Just after the new year here at Gnaraloo, the internet went on holiday. It did not tell anyone, where it was going, or for how long, and with no phone service here, we spent quite some time just living in our little bubble of desert, ocean and turtles. About three weeks into our internet detox a print-out of an email mysteriously made it’s way into cabin two. The print-out informed us that the two turtles we had satellite tagged earlier in the season had returned to Gnaraloo Bay to nest again, and we could expect them to nest in the next three nights. Very keen to see our “babies” again, Simone and I decided to go out on Night Survey that evening. Another driving factor for missing a night of sleep was that some of our Sampled Nests were due to hatch, and having never worked a nesting beach before, seeing one would be a first for me. Having said this, we’ve had a relatively cool summer, which would lend it self to longer incubation periods. So while still optimistic, I did not get my hopes up too much.
Not having been on Night Surveys for over a month, I had to remind my-self of the protocol and that perhaps I would not need to pack my hat and sunglasses. Once properly attired, we made our way to the beach and began our peaceful and dark walk. It was not long before we came across our first turtle. We stood quietly and watched her emerge. From a distance, she had no signs of being one of our satellite turtles, but we were excited all the same. It had been over a month since we had been out on Night Survey and I really missed it. There is something fantastic about being on the beach at night and something even more fantastic about having the privilege to watch turtles nest on the beach at night. We sat and waited as she made the slow trek up the beach. Simone then crawled up for a closer look and came back with a great big smile on her face, “It’s Baiyungu” (the second of our satellite tagged turtles), she said. Once the turtle had settled into nesting, we checked to see how our handy work had help up. The satellite tag was still fixed securely to her carapace, and the large B we had painted on her shell still brightly showed. She laid a total of 119 eggs and we left her to camouflage her nest.
We continued along the beach checking nests as we went, all appeared dormant, until we reached Sampled Nest stake number 35. There was a small depression in the sand in front of the stake and some ghost crabs (Ocypode convexa) digging around it. Simone touched the surface of the depression to see if the sand was soft, a sign of a nest hatching. For the second time that evening she turned to me with a great big smile, and she excitedly whispered the words “there’s a baby”. Like some sort of possessed person, I just sat, right then and there, and stared at the sand. Simone graciously left me in my trance state to continue the survey, so that no mother turtles were missed.

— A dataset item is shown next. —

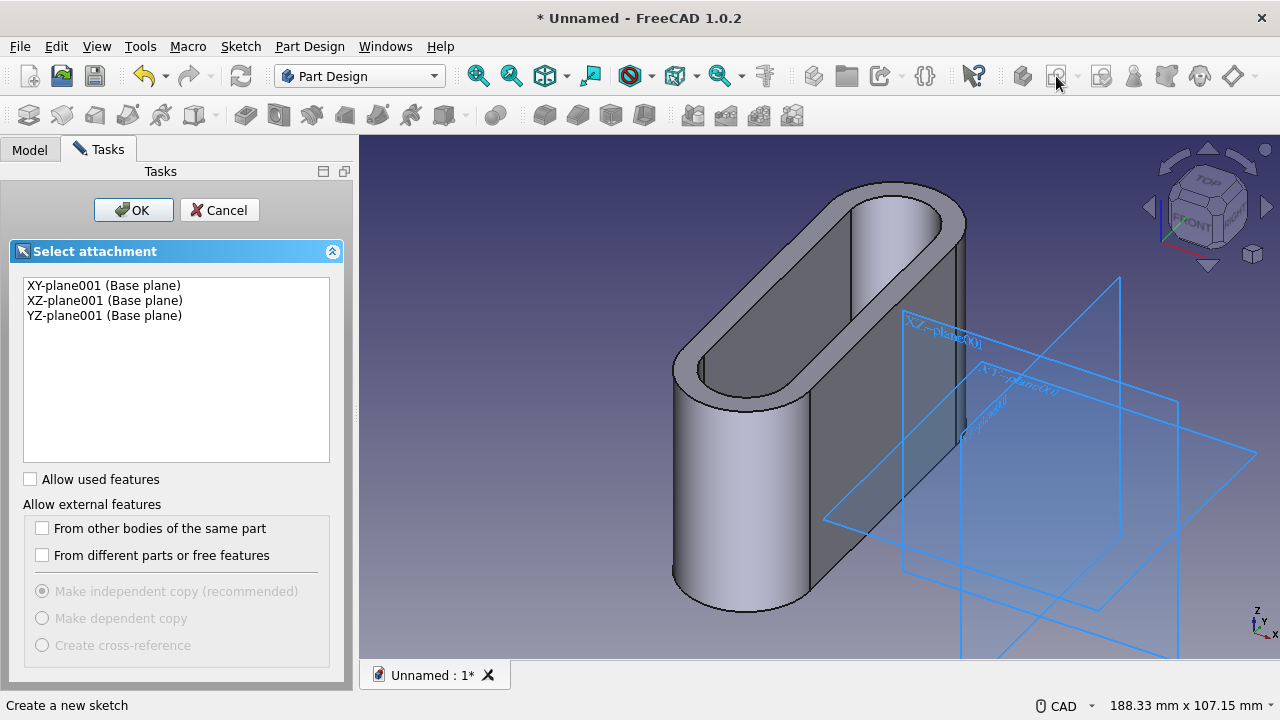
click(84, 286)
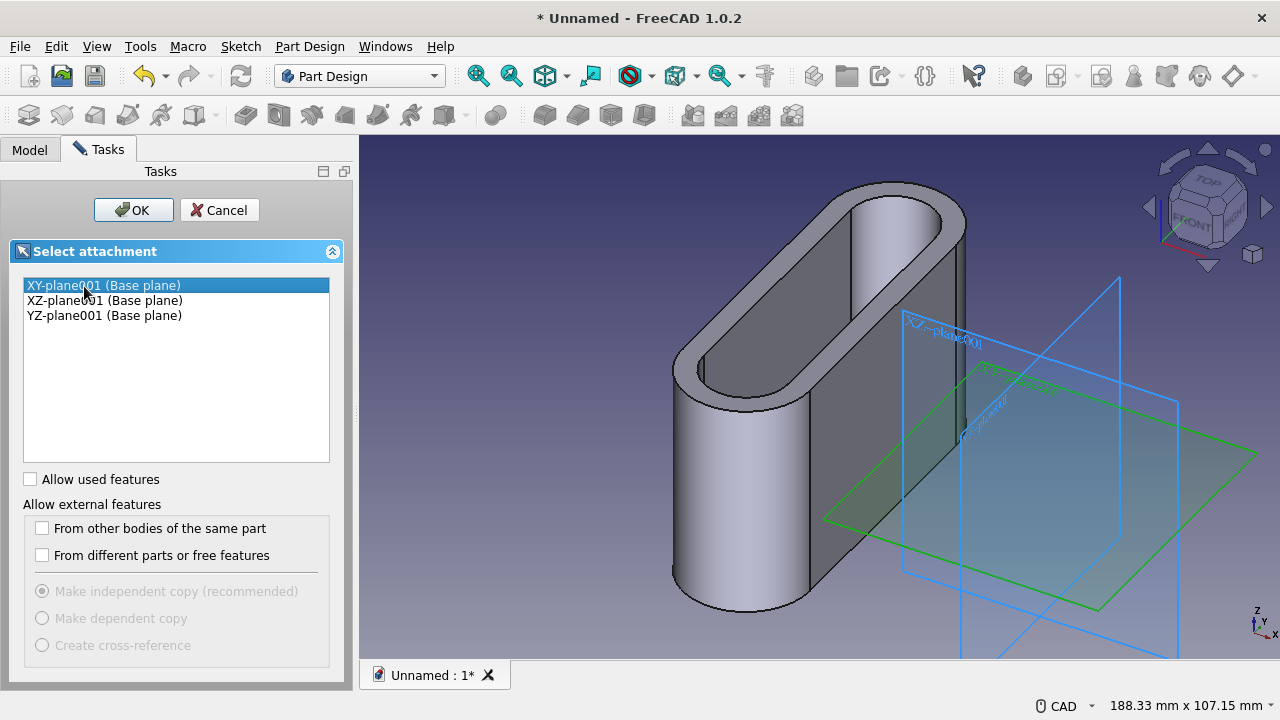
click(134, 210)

Much like the saying; a watched pot never boils, a watched nest, takes quite some time to hatch. It was almost an hour later (and I don’t think I moved that whole time) when a tiny, little nose poked through the surface of the sand, followed by two impossibly small flippers. I quickly radioed Simone and she was only about 50 m away and ran up to the Nest to watch with me. We walked each side of the hatchling as it made what seemed like an impossibly far journey for something so unbelievably small. At the waters edge, the first small ripple of water came up to the hatchling and all of a sudden there was a flash and it disappeared. It was a crab, we turned on our lights, and chased it down. Simone picked up the crab and shook it until it’s big claws released, and it dropped the hatchling. Only one had come out of the nest and it was our first, so we had to make sure it made it to the ocean. This time we paid closer attention to the hatchling and watched until it had well and truly swum away. Safe to say it was a successful night and well worth the loss of sleep.
As it would happen, my luck with hatchlings would not run out there. To date, during my Day Surveys, I have seen hatchlings from a total of 7 Nest, with between 1 and 40 hatchlings emerging and making the race to the ocean each time. And each time I run back and forth shooing away crabs and birds like a grandma with a broom. While I have yet to see a full nest hatch (this is usually around 100 hatchlings emerging at the same time), I feel incredibly privileged to have been a part of and witnessed, something that most people will never see in their life time. Each day I continue to keep my fingers crossed that I will see a full nest before the end of the season.